Why You Should Start Saving for Retirement in Your 30s
Posted on Wednesday, April 5th, 2017 | By IndusInd Bank
Very few people think about saving for retirement in their 20s. This can be due to pre-existing student loans which they have to pay off, or they are simply not earning enough. However, by your 30s, saving should not be an afterthought, but a priority.
Aside from life insurance, you need a little more security for when you are no longer able to work. Moreover, a life insurance will only financially protect your loved ones in the event of your demise. The key is to start saving for retirement early on, so you can have more money to spend post-retirement on things such as medical and household bills. Here are a few tips to help you get started on your retirement plan while you are in your 30s.
Use Compounding Interest to Your Advantage
In a retirement plan with compounding interest, the interest rate keeps increasing exponentially. So the longer you keep funding the plan, the more money you accumulate by the end of the tenure. Over the long run, compound interest will significantly boost your overall retirement fund because it will offer more growth as compared to a simple interest rate plan.
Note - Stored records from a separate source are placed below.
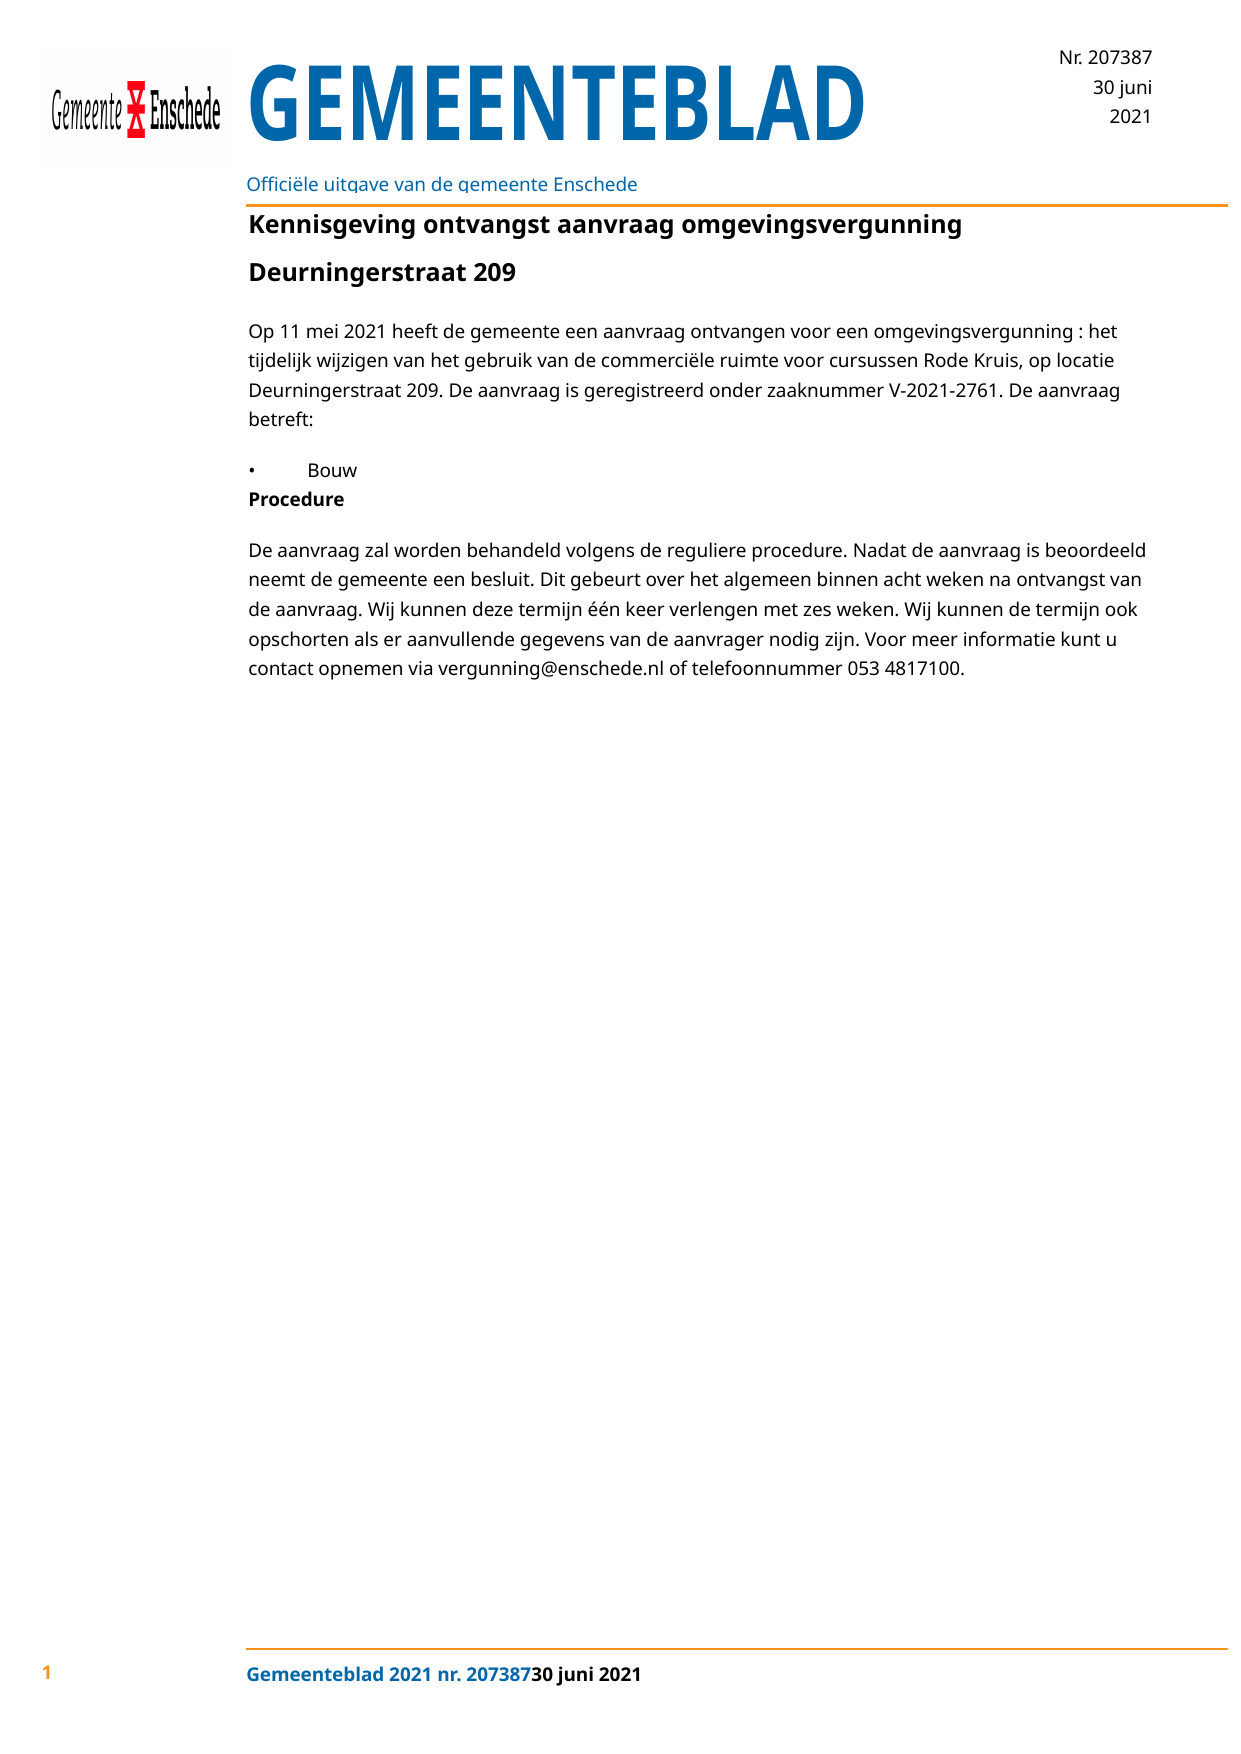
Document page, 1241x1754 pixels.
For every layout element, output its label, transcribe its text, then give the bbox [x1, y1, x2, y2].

text Op 11 mei 2021 heeft de gemeente een aanvraag ontvangen voor een omgevingsvergunning : het tijdelijk wijzigen van het gebruik van de commerciële ruimte voor cursussen Rode Kruis, op locatie Deurningerstraat 209. De aanvraag is geregistreerd onder zaaknummer V-2021-2761. De aanvraag betreft: [248, 318, 1152, 432]
list Bouw [248, 457, 1152, 483]
text De aanvraag zal worden behandeld volgens de reguliere procedure. Nadat de aanvraag is beoordeeld neemt de gemeente een besluit. Dit gebeurt over het algemeen binnen acht weken na ontvangst van de aanvraag. Wij kunnen deze termijn één keer verlengen met zes weken. Wij kunnen de termijn ook opschorten als er aanvullende gegevens van de aanvrager nodig zijn. Voor meer informatie kunt u contact opnemen via vergunning@enschede.nl of telefoonnummer 053 4817100. [248, 537, 1152, 681]
text Procedure [248, 487, 1152, 512]
picture [41, 47, 231, 172]
text Kennisgeving ontvangst aanvraag omgevingsvergunning Deurningerstraat 209 [248, 207, 1152, 288]

Start Automating Your Savings
When it comes to starting a retirement fund, saving money is everything. Making a habit of saving money will not only help for your retirement, but it will also help in paying your life insurance premiums and other such payments or investments. Investing money in a provident fund is an easy way of automating your savings. However, if you do not have a provident fund, it helps to automate your savings by directing a fixed amount to your retirement fund each month. As your salary starts to grow, aim to add a little more to your retirement fund each year.
Decide What You Want to Pay for First
Many people assume that you have to clear your remaining debts before you can start saving; this is not true. It is simply a matter of deciding which payments to make first. Your other expenses can include debts on a car, a house, a credit card debt, or life insurance premiums. Compare the interest rate on your debt to what you could earn from a retirement fund. If you have a better return on the retirement fund, then your choice is clear.